Le PLFSS 2025 propose une refonte du dispositif, visant à renforcer le financement de la dépendance dans un contexte de vieillissement de la population. Voici les deux grandes mesures envisagées :

1. Passage de 7 à 14 heures de travail non rémunéré

  • Pour les salariés mensualisés : 14 heures de travail (soit l’équivalent de 2 jours non rémunérés).
  • Pour les cadres au forfait en jours : passage de 1 jour à 2 jours supplémentaires non rémunérés.
  • Les salariés à temps partiel verront cette durée proratisée selon leur contrat de travail.

2. Augmentation de la CSA à 0,60 %

Actuellement fixée à 0,30 %, la contribution patronale pourrait doubler pour atteindre 0,60 % des salaires bruts. L’objectif affiché est de soutenir la branche autonomie face à l’augmentation des dépenses liées à la prise en charge des personnes âgées et des personnes en situation de handicap.


Modalités d’application : ce qui pourrait changer

Les modalités actuelles de la journée de solidarité, bien que souples, imposent des contraintes organisationnelles importantes pour les entreprises. Voici ce qui pourrait être maintenu ou modifié dans le cadre de la réforme :

Modalités actuelles

Les entreprises disposent de plusieurs options pour organiser la journée de solidarité :

  1. Travailler un jour férié : par exemple, le lundi de Pentecôte.
  2. Supprimer un jour de RTT.
  3. Fractionner les heures sur plusieurs jours, en ajoutant un petit temps de travail quotidien.

Changements envisagés

L’amendement au PLFSS propose de nouvelles règles :

  • Le dispositif pourrait être rebaptisé « Contribution de solidarité par le travail ».
  • Les modalités resteraient définies par un accord collectif (entreprise ou branche) ou, à défaut, par l’employeur après consultation du Comité Social et Économique (CSE).
  • Les heures supplémentaires pourraient être effectuées à tout moment de l’année, sauf le 1er mai (et, en Alsace-Moselle, certains jours fériés religieux).

Ces ajustements visent à rendre le dispositif plus flexible tout en respectant les particularités locales et sectorielles.

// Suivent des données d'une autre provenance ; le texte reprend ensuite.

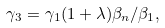Convert formula to latex. <formula><loc_0><loc_0><loc_500><loc_500>\gamma _ { 3 } = \gamma _ { 1 } ( 1 + \lambda ) \beta _ { n } / \beta _ { 1 } ,</formula> 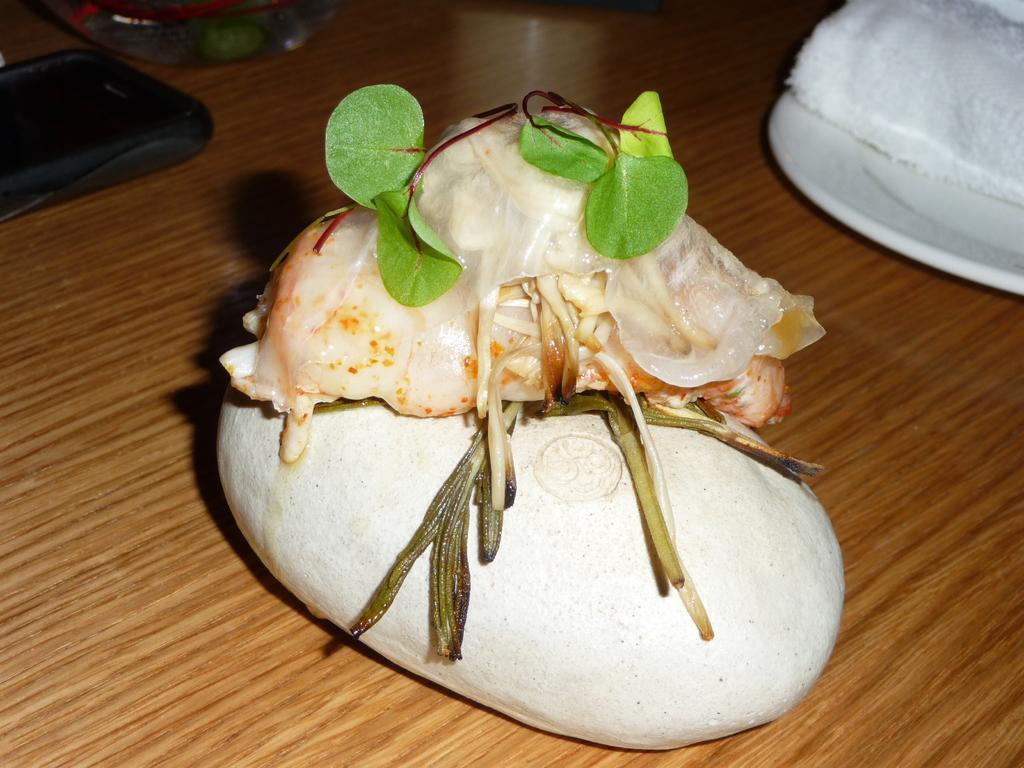Describe this image in one or two sentences. In the picture we can see some food items are placed on a wooden table. Here we can see a mobile phone and few more objects are placed on a wooden table.

Impact sur les salariés et les employeurs

La réforme proposée aurait des conséquences significatives sur le monde du travail. Analysons les répercussions principales pour chaque partie prenante.

Pour les salariés

  1. Charge de travail accrue : Passer de 7 à 14 heures de travail non rémunéré représente une augmentation de l’effort sans compensation financière.
  2. Perte de repos : Certains devront travailler un jour férié ou de RTT, ce qui réduit leur temps de récupération.
  3. Ressentiment potentiel : Travailler gratuitement, même pour une cause noble, pourrait générer des frustrations, surtout si les modalités sont imposées sans concertation.

Pour les employeurs

  1. Coût indirect : Bien que la CSA soit exclusivement patronale, l’organisation des heures supplémentaires engendre des frais administratifs.
  2. Tensions sociales : La mise en place de ces mesures risque d’aggraver le climat social, notamment dans les grandes entreprises ou les secteurs syndiqués.
  3. Complexité organisationnelle : Les entreprises devront revoir leurs accords collectifs ou instaurer des consultations avec le CSE pour respecter la nouvelle législation.

Pour l’État

  1. Renforcement des ressources : En doublant les heures travaillées et le taux de la CSA, le gouvernement espère dégager des fonds supplémentaires pour la branche autonomie.
  2. Défi d’acceptabilité : Rebaptiser le dispositif pourrait atténuer les critiques, mais le fond de la réforme reste contraignant et potentiellement impopulaire.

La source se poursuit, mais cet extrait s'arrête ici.